Corona virus before it reaches the lungs it remains in the throat for four days … drinking water a lot and gargling with warm water & salt or vinegar eliminates the virus …
Initial Extraction (Score: 0.45):
Gargling eliminates coronavirus
G-Eval Feedback:
Verifiability: 6/10 - Testable but lacks specificity
Self-Containment: 4/10 - Missing context about prevention vs. treatment
Check-Worthiness: 8/10 - Health misinformation, high priority
Issues:
Too vague (“eliminates” is absolute)
Missing specificity (what kind of gargling?)
Unclear claim scope (prevention or cure?)

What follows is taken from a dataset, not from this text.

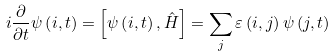<formula> <loc_0><loc_0><loc_500><loc_500>i \frac { \partial } { \partial t } \psi \left ( i , t \right ) = \left [ \psi \left ( i , t \right ) , \hat { H } \right ] = \sum _ { j } \varepsilon \left ( i , j \right ) \psi \left ( j , t \right )</formula> 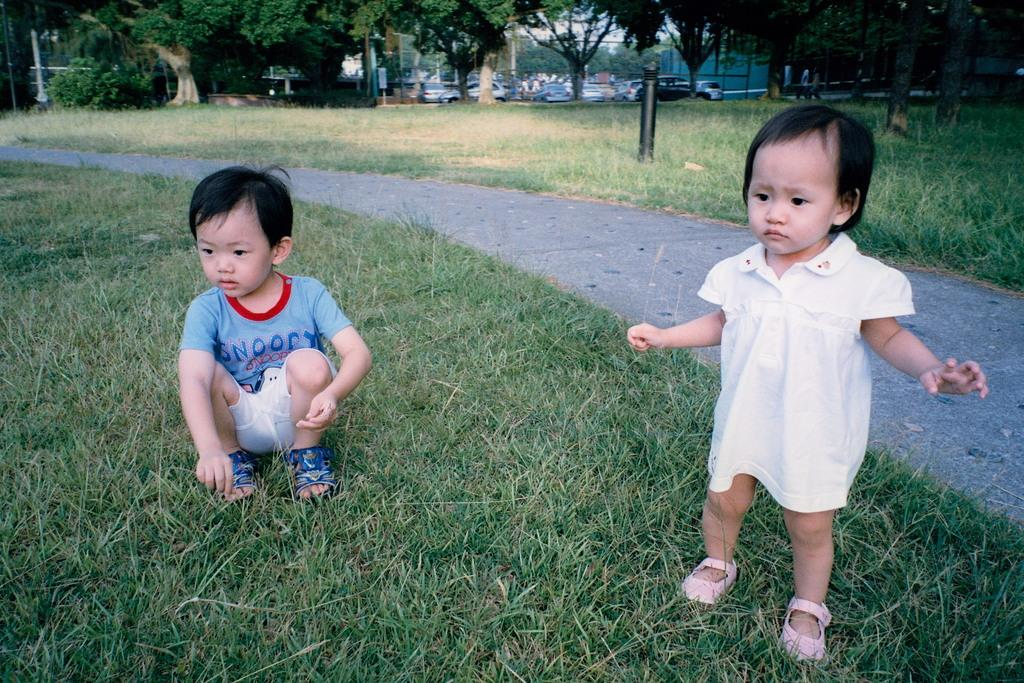<image>
Render a clear and concise summary of the photo. Two children are on the grass, including one who's shirt says "Snoopy" on the front.

Refined Claim (Score: 0.65):
Gargling with warm salt water or vinegar can eliminate coronavirus from the throat
G-Eval Feedback:
Verifiability: 7/10 - More specific but still absolute claim
Self-Containment: 7/10 - Better context
Factual Consistency: 5/10 - “Eliminate” is too strong
Lieutenant Retired General Asif Mumtaz appointed as Chairman Pakistan Medical Commission PMC Lieutenant Retired General Asif Mumtaz appointed as Chairman Pakistan Medical Commission PMC Lieutenant Retired General Asif Mumtaz appointed as Chairman Pakistan Medical Commission PMC None.
Initial Claim (Score: 0.58):
Asif Mumtaz appointed as PMC Chairman
Feedback:
Self-Containment: 5/10 - “PMC” acronym not explained
Context: 4/10 - Missing appointing authority
Named Entities: 6/10 - Full title not preserved
Refined Claim (Score: 0.68):
Lieutenant Retired General Asif Mumtaz appointed as Chairman of Pakistan Medical Commission
Feedback:
Self-Containment: 7/10 - Better but missing who appointed him
Clarity: 6/10 - “Lieutenant Retired General” is awkward
Context: 5/10 - Appointing authority still missing
Final Claim (Score: 0.75 ✓):
Pakistani government appoints former army general to head medical regulatory body
Improvements:
✅ Simplified title (“former army general” vs. full rank)
✅ Added appointing authority (“Pakistani government”)
✅ Clarified role (“medical regulatory body”)
✅ More natural language structure
Begin with threshold=0.5 and max_iters=2, then increase
Monitor Convergence
Track score improvements per iteration to optimize settings
Use Different Models
Generate with one model, evaluate with another for diversity
Async Processing
Run Self-Refine in background for non-urgent claims
For high-throughput systems, consider implementing a two-tier approach: fast zero-shot for all claims, then Self-Refine for high-priority items during off-peak hours.